### WHAT THE TASK ASKS
An exact copy of the data is needed, one that excludes all pictures.

Extracted data entries:
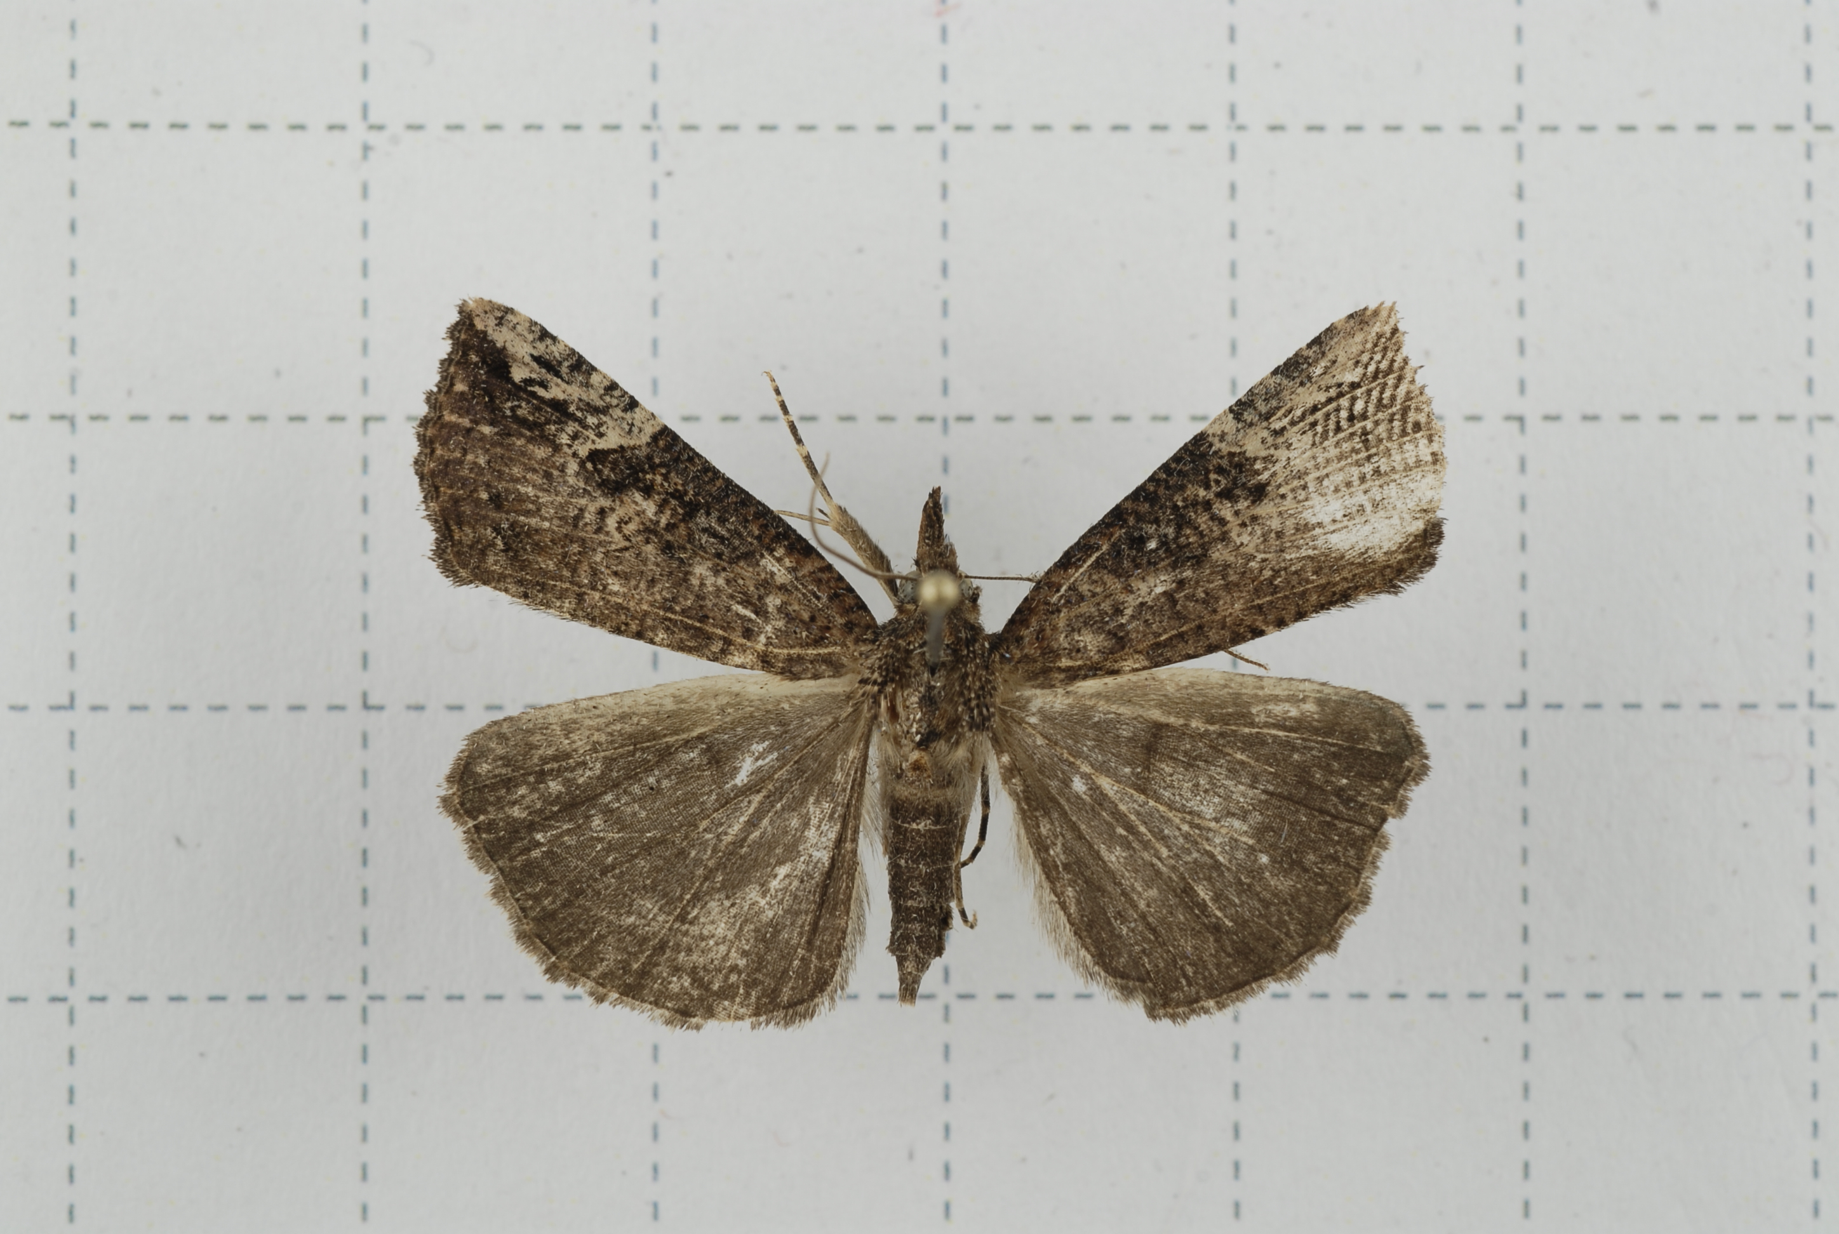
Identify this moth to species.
Hypena tristalis
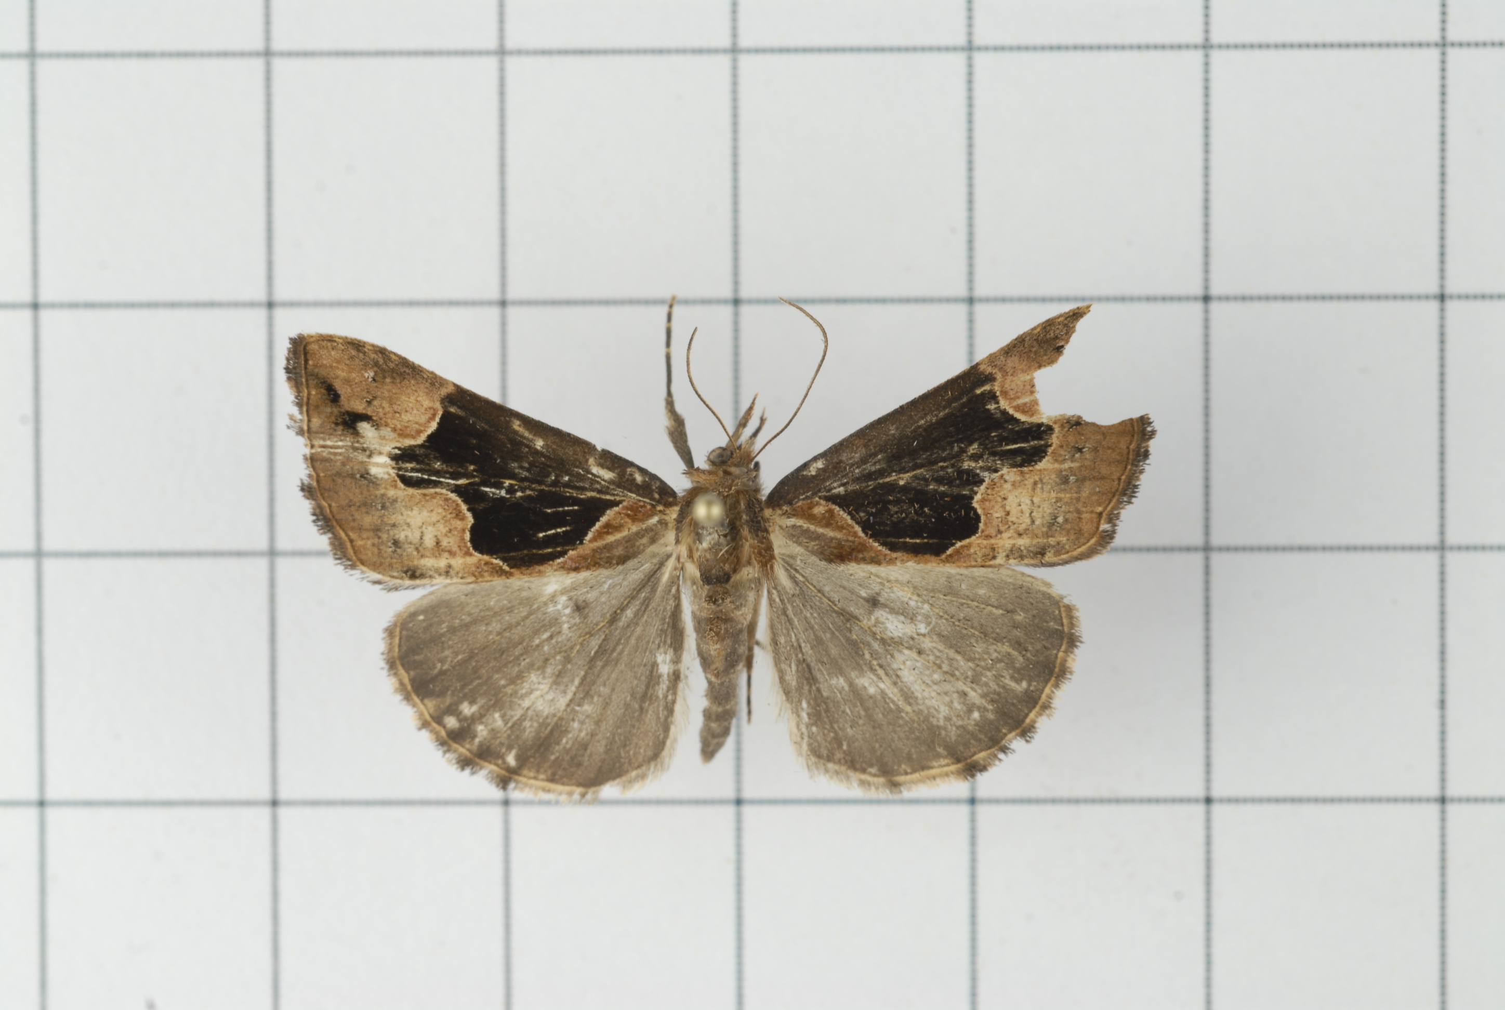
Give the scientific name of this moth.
Hypena vestita
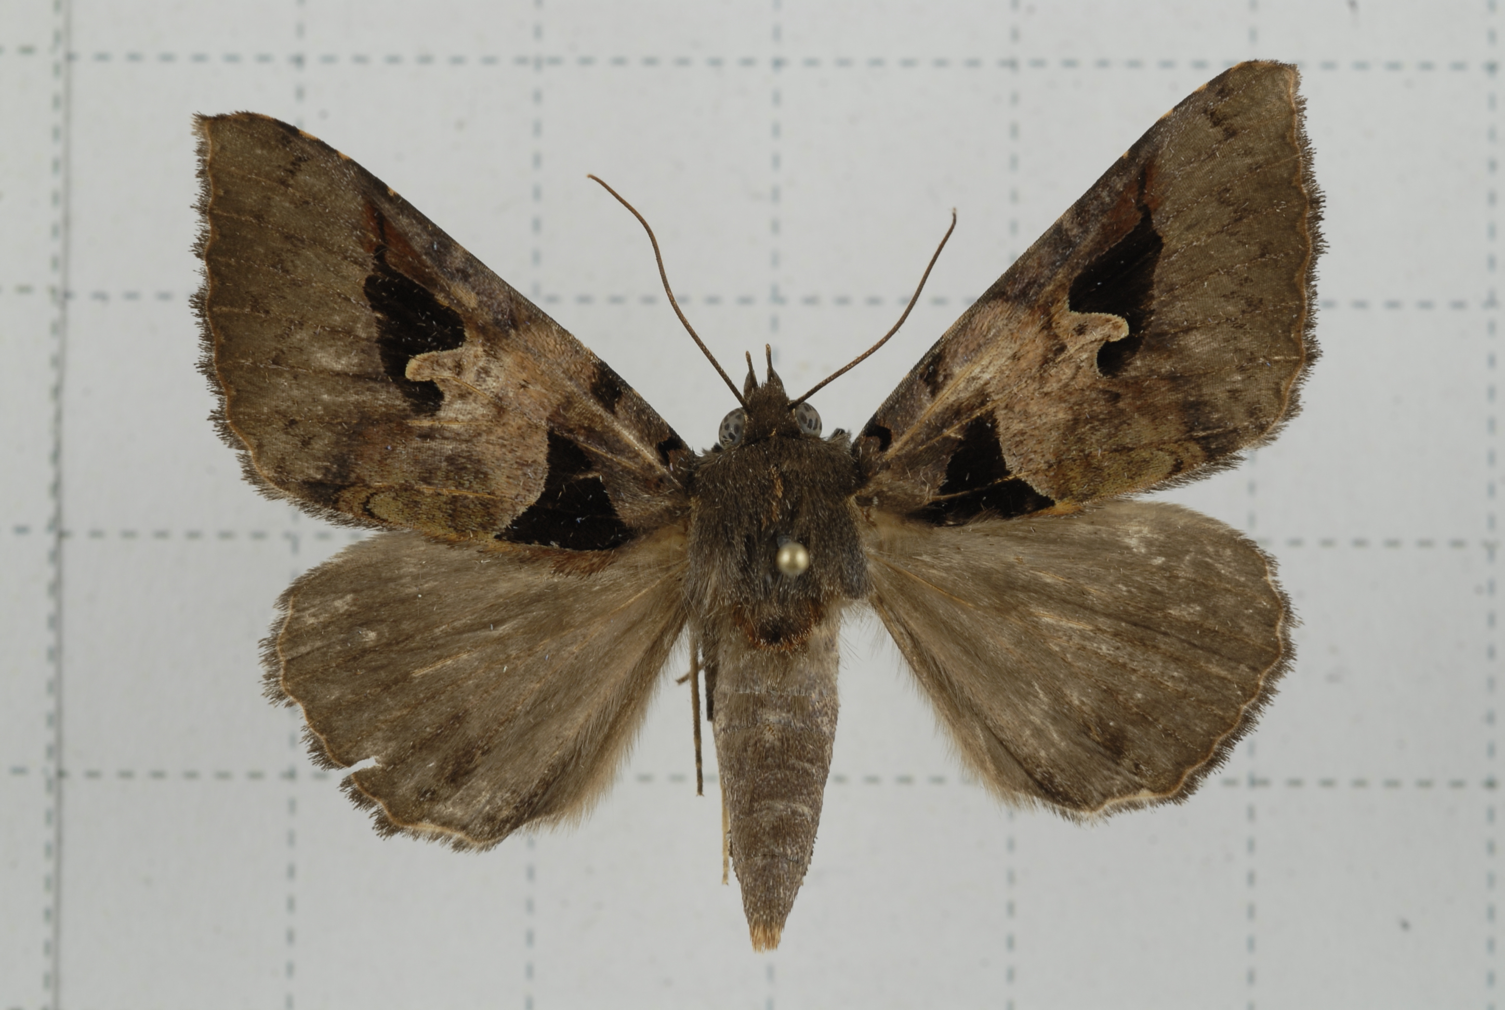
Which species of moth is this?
Avatha chinensis

### YOUR SOLUTION
Identify this moth to species.
Hypena tristalis
Give the scientific name of this moth.
Hypena vestita
Which species of moth is this?
Avatha chinensis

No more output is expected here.